Им все вершины были малы,
И неуютны пьедесталы,
И собственная в тягость плоть.
Лев Болдов
Осень. Ветер лениво трогает желтые листья, удивляясь суете их новой расцветки. Поворачивает, вглядывается и с ухмылкой крадет. Только он, непоседливый и старый, набегая по вечерам с гор, ворошит прелые запахи гаснущего дня.
Вечер. Гостиницы «Лондон» в Ялте давно нет. Нет и роскошной лестницы с террасой над массандровским пляжем.

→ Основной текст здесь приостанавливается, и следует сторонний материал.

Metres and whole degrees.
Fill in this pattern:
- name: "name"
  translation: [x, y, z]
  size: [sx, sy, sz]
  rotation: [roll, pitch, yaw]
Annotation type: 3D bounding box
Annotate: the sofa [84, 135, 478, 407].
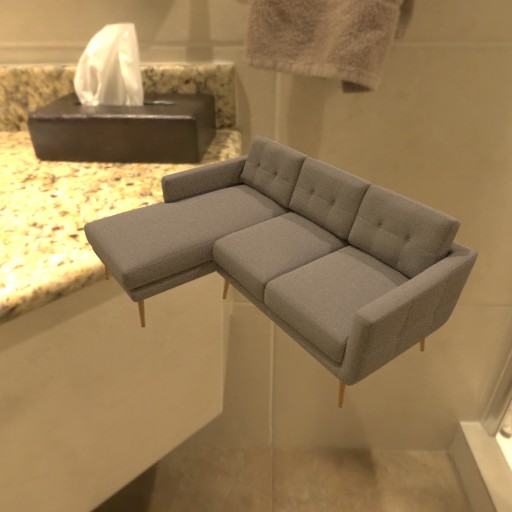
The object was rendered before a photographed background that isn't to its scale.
- name: "sofa"
  translation: [0.000, 0.000, 2.777]
  size: [1.530, 0.860, 2.040]
  rotation: [-21, 38, -30]
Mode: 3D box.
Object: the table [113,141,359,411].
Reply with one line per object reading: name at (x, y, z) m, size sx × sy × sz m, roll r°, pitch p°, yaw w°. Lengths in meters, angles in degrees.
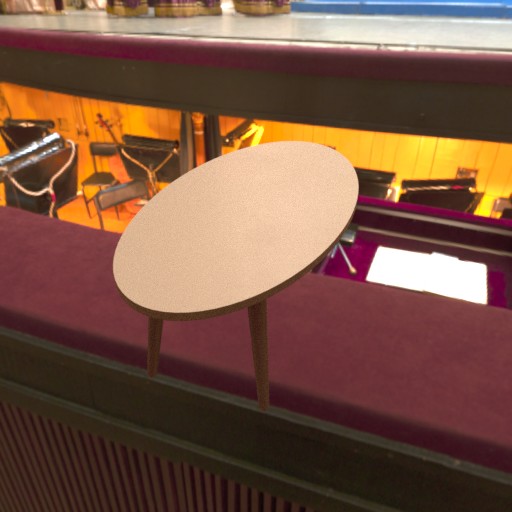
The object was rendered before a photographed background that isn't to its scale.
table at (0.000, 0.000, 1.335) m, size 0.542 × 0.390 × 1.083 m, roll 11°, pitch 33°, yaw 17°
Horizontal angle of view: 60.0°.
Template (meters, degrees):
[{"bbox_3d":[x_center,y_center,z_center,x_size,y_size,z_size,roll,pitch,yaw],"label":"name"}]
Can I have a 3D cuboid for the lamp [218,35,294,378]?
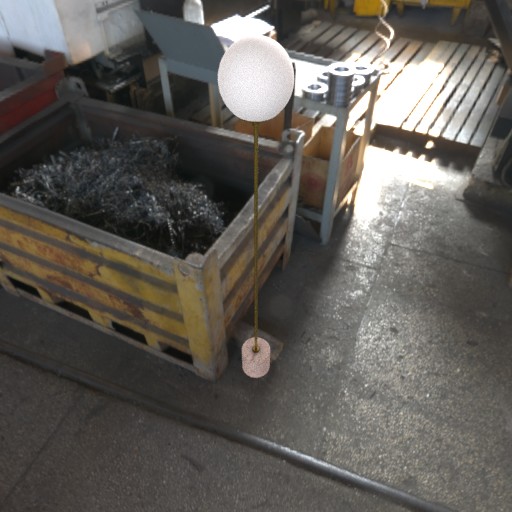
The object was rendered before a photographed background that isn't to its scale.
[{"bbox_3d":[0.000,0.000,1.866,0.229,1.748,0.229,-9,46,-9],"label":"lamp"}]
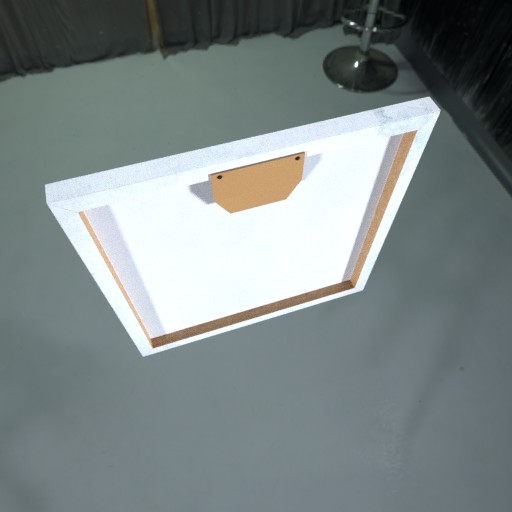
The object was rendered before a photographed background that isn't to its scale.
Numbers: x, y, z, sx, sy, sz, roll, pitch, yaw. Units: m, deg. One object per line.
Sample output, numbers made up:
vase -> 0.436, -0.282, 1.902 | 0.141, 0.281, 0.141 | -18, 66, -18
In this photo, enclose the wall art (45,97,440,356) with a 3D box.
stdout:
wall art -> 0.000, 0.000, 0.912 | 0.605, 0.605, 0.044 | -15, 59, -10

Здание сгорело, и четверть века «самостийности» не сподобилось укрыть остов даже тканью. Не сыскали полотна́ – всё ушло на полотнища. Однако, по-прежнему нависая над узеньким тротуаром, закопченные стены и балконы разговаривают, жалуясь по вечерам тому же ветру – новому хозяину развалин. Близкому стенам, хотя и переменчивому, но по-своему верному: не предаст, не бросит, не оставит. А покидая, вернется.
Тихо. Ветер укладывает свои вздохи меж проулков и почти засыпает. Не видя, как вместе со стенами и прелым запахом тонут в пустоте потерянного времени надежды забытого романтика. Уже седьмой десяток лет.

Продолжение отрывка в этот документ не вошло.